A dark and stormy night complete with eerie blanket of fog provided the perfect atmosphere for a string of ghostly tales at Larnach Castle last night.
A sellout crowd of 50 people made their way to the castle on Otago Peninsula for an evening of Victorian ghost stories, read by Dunedin-based presenter and actor Peter Hayden, followed by a candlelit castle tour and supper.
And what better place to hold the reading than inside the castle's music room, where, exactly one month ago to the day, two tourists said they had been "pushed" by a unseen spectre.
The mood was also enriched by the earlier high-profile "sighting" of a ghost known as the Grey Lady at Dunedin's Cumberland College, which had left some residents terrified and made media headlines in May.
Mr Hayden said last night's audience was likely to include both true believers in the supernatural and those more keen on simply seeing the castle at night.

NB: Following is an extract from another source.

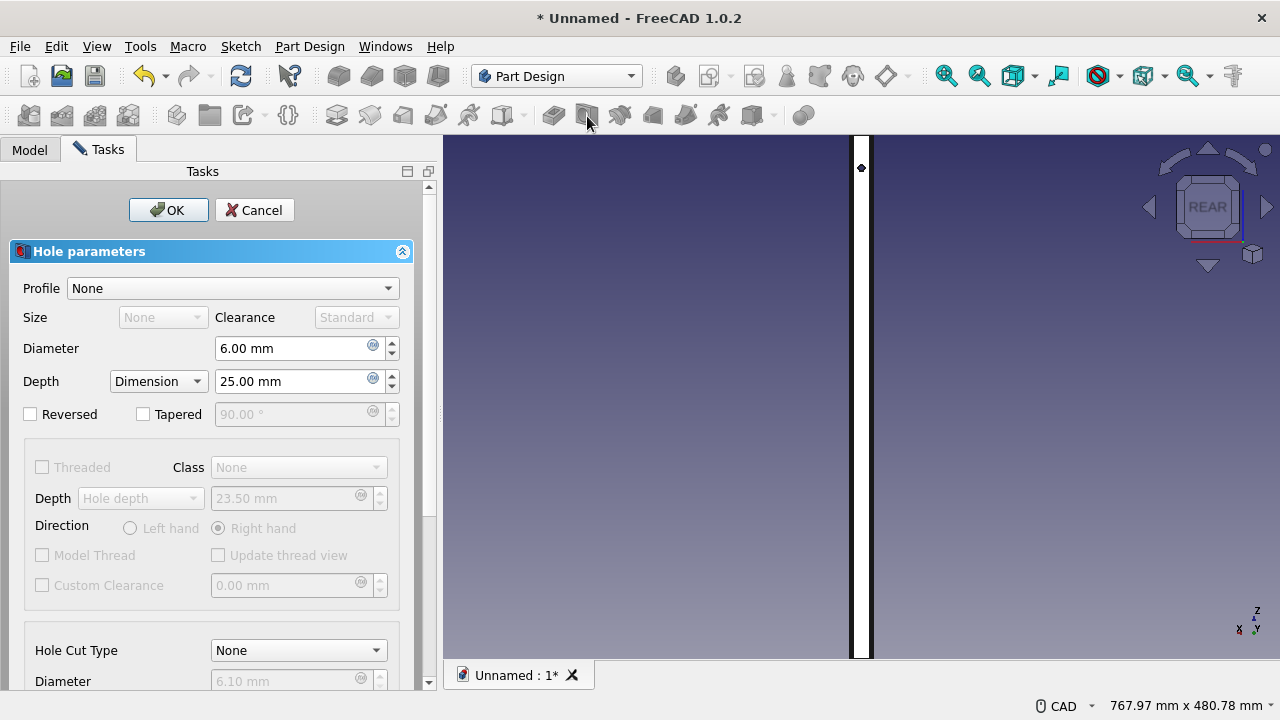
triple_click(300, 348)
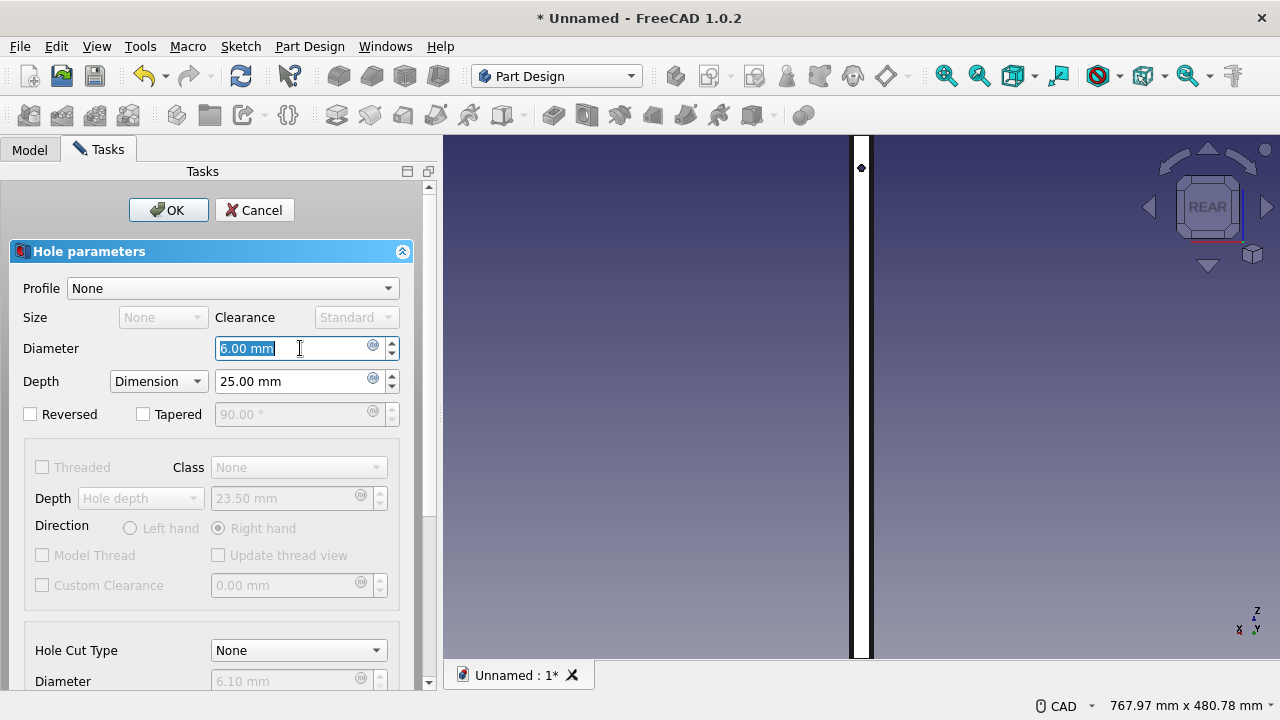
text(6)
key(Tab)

He was "certainly not a sceptic", despite never having witnessed anything he would call a ghost. "I would never dismiss what could happen in an alternative realm."
It was the second year in a row the evening of storytelling had been staged at the castle to mark winter's shortest day.
Larnach Castle marketing manager Deborah Price said last night's crowd was larger than last year's crowd of about 34 people.
That could perhaps have been due in part to recent ghostly publicity, Mrs Price agreed.
Asked if she was a believer, Mrs Price paused before responding: "I want to be.
"Too many unusual things have happened to me."